- **WORK REQUIRED**
Copy exactly the run of lines that begins at the line with "text Dit is" and ends at the final line of the entries.

- **Stored entries**
☆ ☆ ☆ ☆ ☆
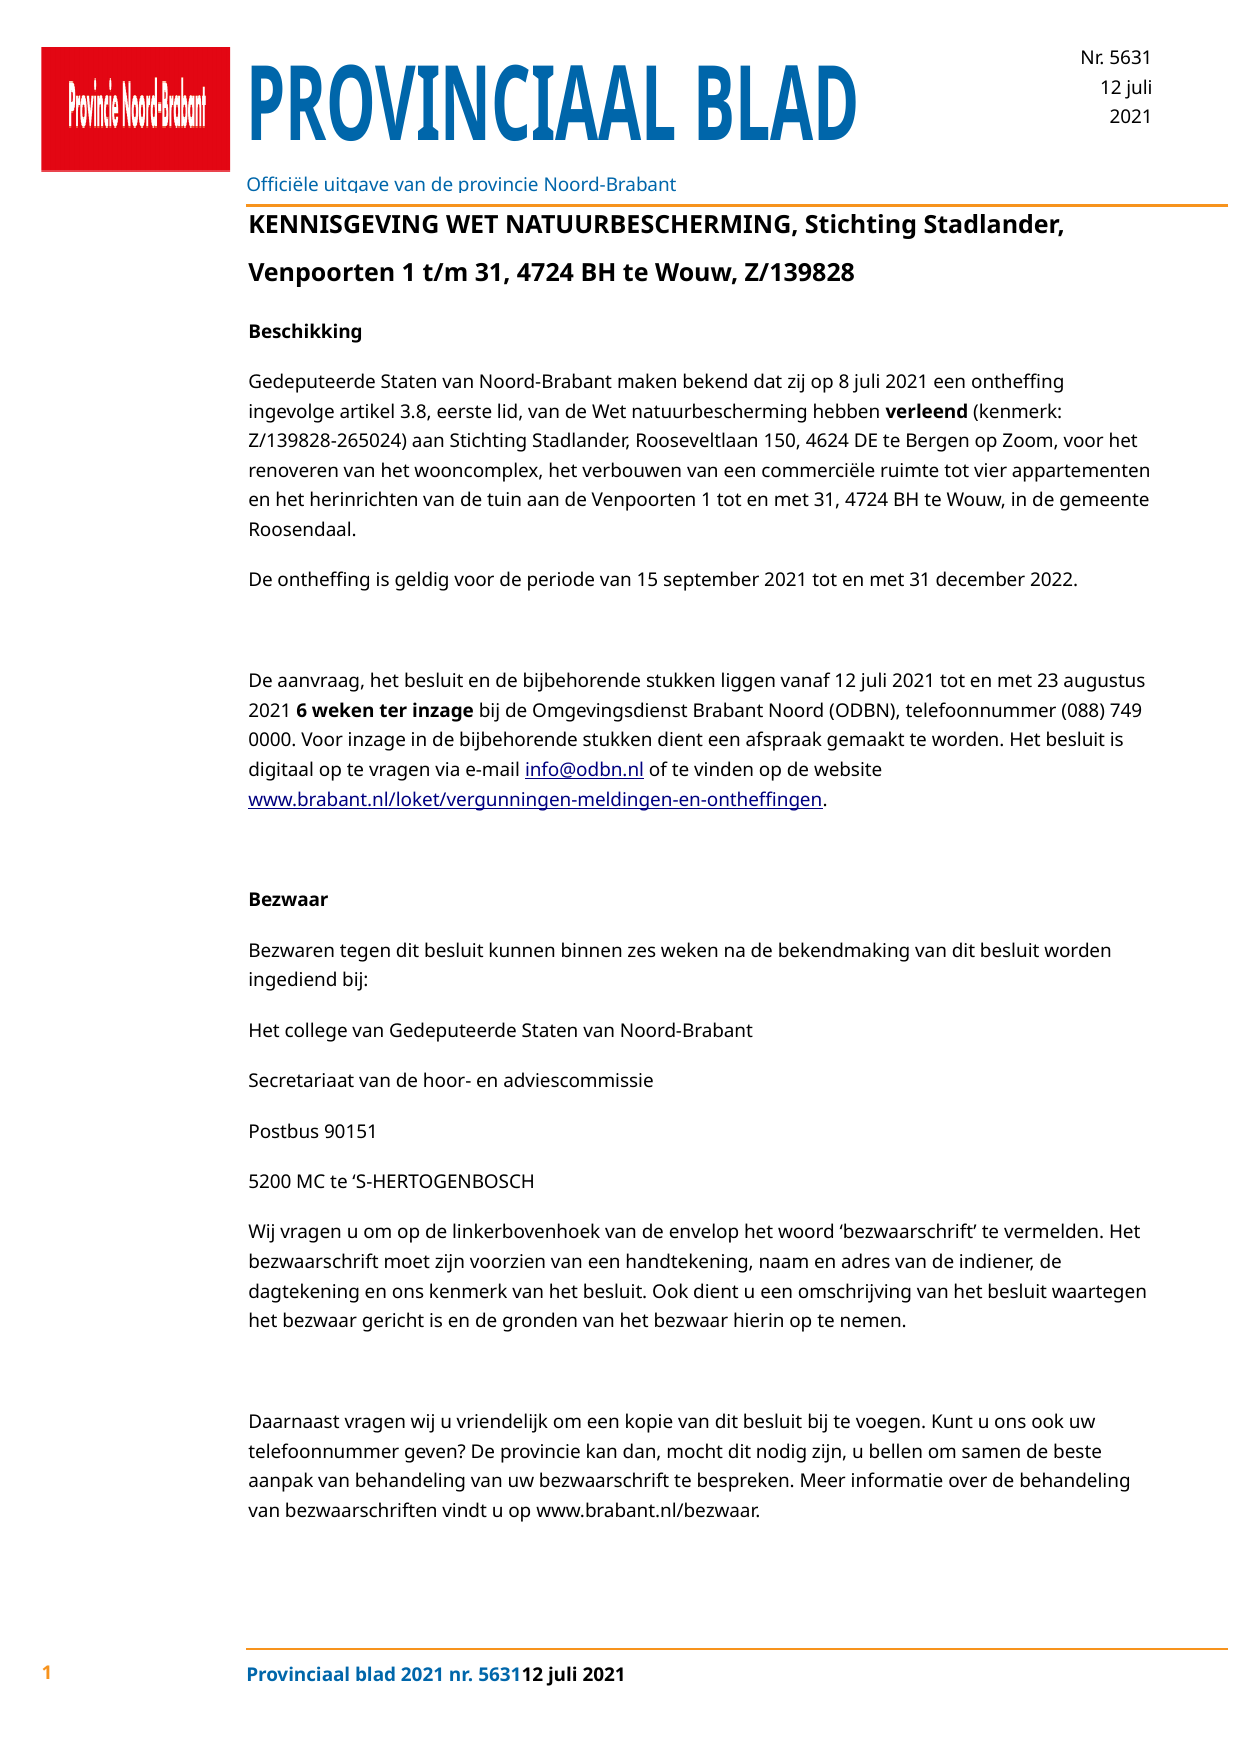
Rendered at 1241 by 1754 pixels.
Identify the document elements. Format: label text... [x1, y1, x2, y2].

text De aanvraag, het besluit en de bijbehorende stukken liggen vanaf 12 juli 2021 tot en met 23 augustus 2021 6 weken ter inzage bij de Omgevingsdienst Brabant Noord (ODBN), telefoonnummer (088) 749 0000. Voor inzage in de bijbehorende stukken dient een afspraak gemaakt te worden. Het besluit is digitaal op te vragen via e-mail info@odbn.nl of te vinden op de website www.brabant.nl/loket/vergunningen-meldingen-en-ontheffingen. [248, 667, 1152, 812]
text Wij vragen u om op de linkerbovenhoek van de envelop het woord ‘bezwaarschrift’ te vermelden. Het bezwaarschrift moet zijn voorzien van een handtekening, naam en adres van de indiener, de dagtekening en ons kenmerk van het besluit. Ook dient u een omschrijving van het besluit waartegen het bezwaar gericht is en de gronden van het bezwaar hierin op te nemen. [248, 1219, 1152, 1333]
text Het college van Gedeputeerde Staten van Noord-Brabant [248, 1017, 1152, 1043]
text Gedeputeerde Staten van Noord-Brabant maken bekend dat zij op 8 juli 2021 een ontheffing ingevolge artikel 3.8, eerste lid, van de Wet natuurbescherming hebben verleend (kenmerk: Z/139828-265024) aan Stichting Stadlander, Rooseveltlaan 150, 4624 DE te Bergen op Zoom, voor het renoveren van het wooncomplex, het verbouwen van een commerciële ruimte tot vier appartementen en het herinrichten van de tuin aan de Venpoorten 1 tot en met 31, 4724 BH te Wouw, in de gemeente Roosendaal. [248, 368, 1152, 542]
picture [41, 47, 231, 172]
text Postbus 90151 [248, 1118, 1152, 1144]
text De ontheffing is geldig voor de periode van 15 september 2021 tot en met 31 december 2022. [248, 567, 1152, 592]
text KENNISGEVING WET NATUURBESCHERMING, Stichting Stadlander, Venpoorten 1 t/m 31, 4724 BH te Wouw, Z/139828 [248, 207, 1152, 288]
text Bezwaar [248, 887, 1152, 912]
text 5200 MC te ‘S‑HERTOGENBOSCH [248, 1168, 1152, 1194]
text Secretariaat van de hoor- en adviescommissie [248, 1067, 1152, 1093]
text Bezwaren tegen dit besluit kunnen binnen zes weken na de bekendmaking van dit besluit worden ingediend bij: [248, 937, 1152, 992]
text Beschikking [248, 318, 1152, 344]
text Daarnaast vragen wij u vriendelijk om een kopie van dit besluit bij te voegen. Kunt u ons ook uw telefoonnummer geven? De provincie kan dan, mocht dit nodig zijn, u bellen om samen de beste aanpak van behandeling van uw bezwaarschrift te bespreken. Meer informatie over de behandeling van bezwaarschriften vindt u op www.brabant.nl/bezwaar. [248, 1408, 1152, 1523]
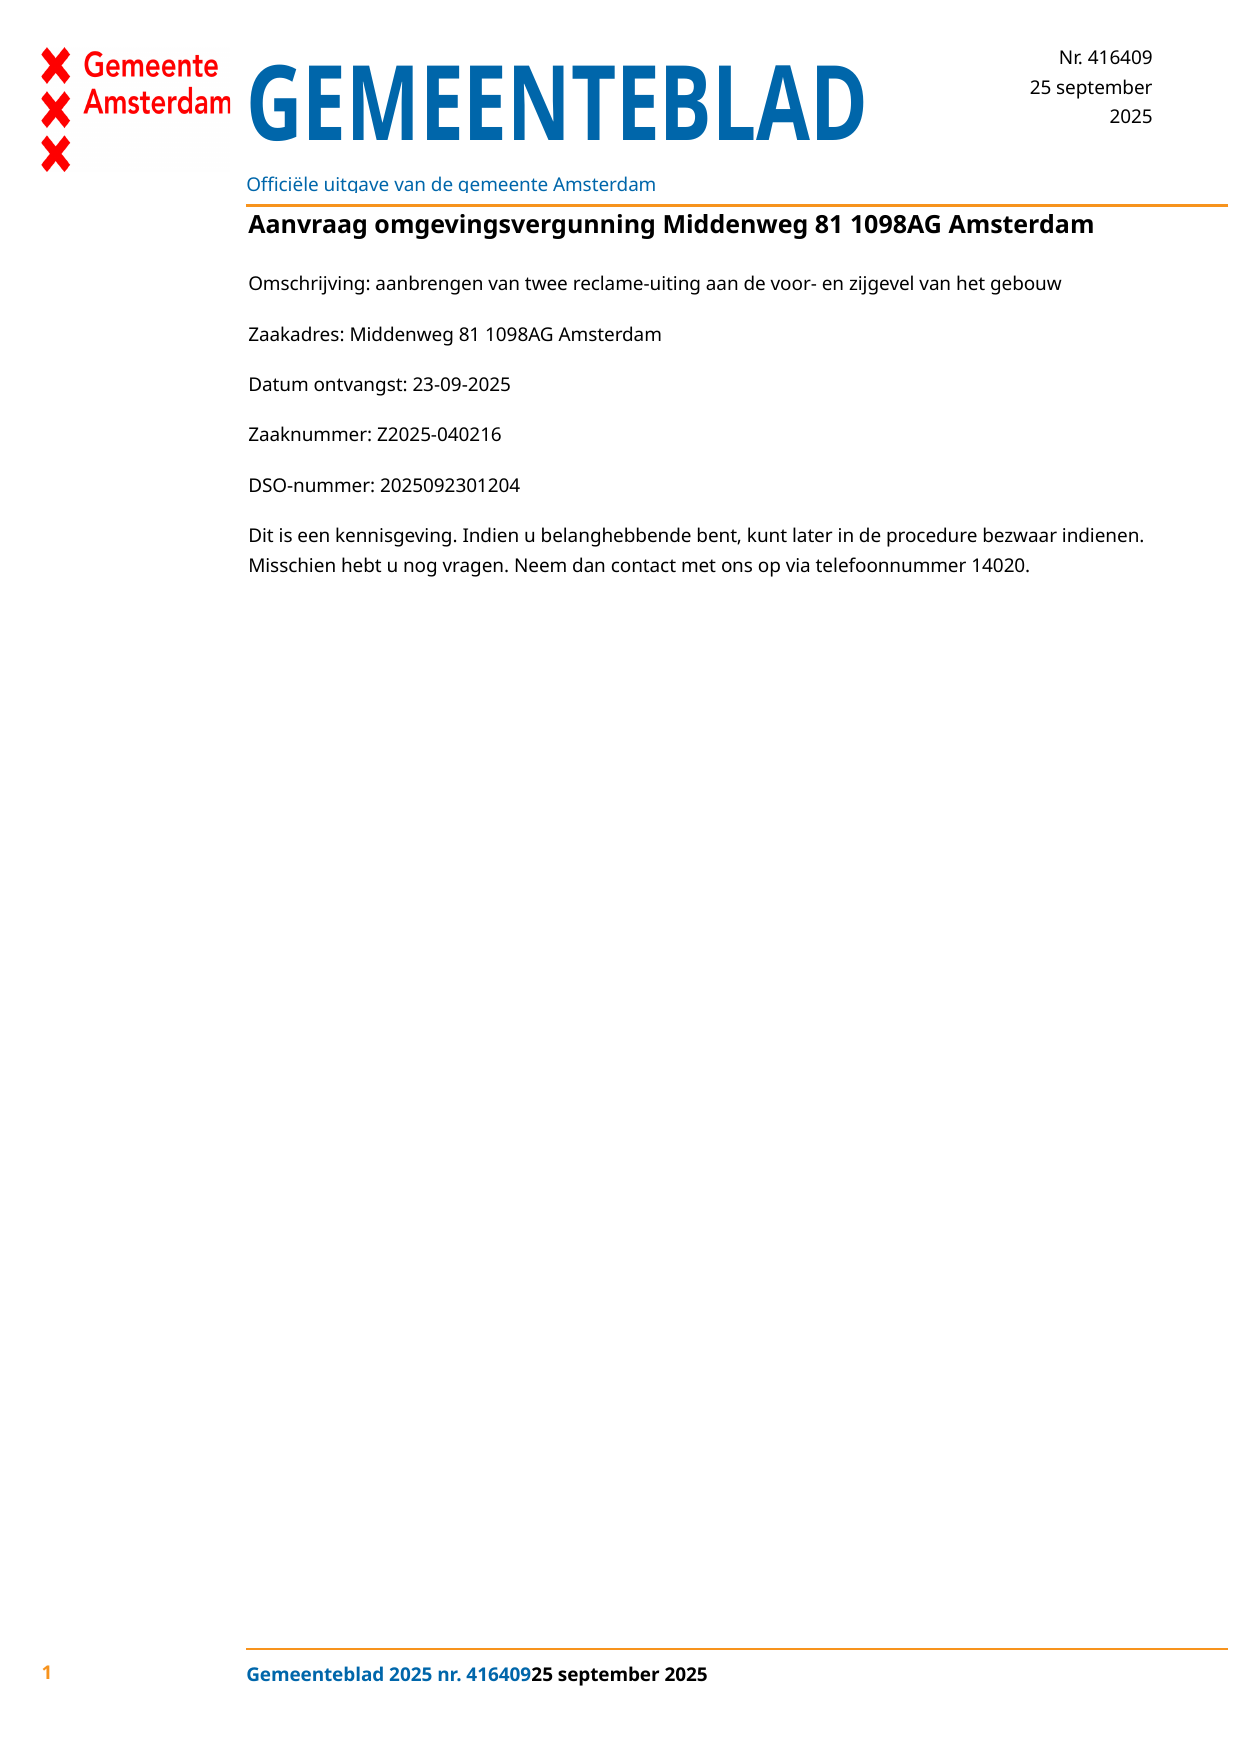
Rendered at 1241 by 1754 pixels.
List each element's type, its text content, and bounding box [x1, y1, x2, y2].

text DSO-nummer: 2025092301204 [248, 472, 1152, 498]
text Datum ontvangst: 23-09-2025 [248, 371, 1152, 397]
text Aanvraag omgevingsvergunning Middenweg 81 1098AG Amsterdam [248, 207, 1152, 241]
text Zaakadres: Middenweg 81 1098AG Amsterdam [248, 321, 1152, 346]
text Omschrijving: aanbrengen van twee reclame-uiting aan de voor- en zijgevel van het gebouw [248, 270, 1152, 296]
text Zaaknummer: Z2025-040216 [248, 422, 1152, 447]
text Dit is een kennisgeving. Indien u belanghebbende bent, kunt later in de procedure bezwaar indienen. Misschien hebt u nog vragen. Neem dan contact met ons op via telefoonnummer 14020. [248, 522, 1152, 578]
picture [41, 47, 231, 172]
☆ ☆ ☆ ☆ ☆
- **OUTPUT FOR THIS EXERCISE**
text Dit is een kennisgeving. Indien u belanghebbende bent, kunt later in de procedure bezwaar indienen. Misschien hebt u nog vragen. Neem dan contact met ons op via telefoonnummer 14020. [248, 522, 1152, 578]
picture [41, 47, 231, 172]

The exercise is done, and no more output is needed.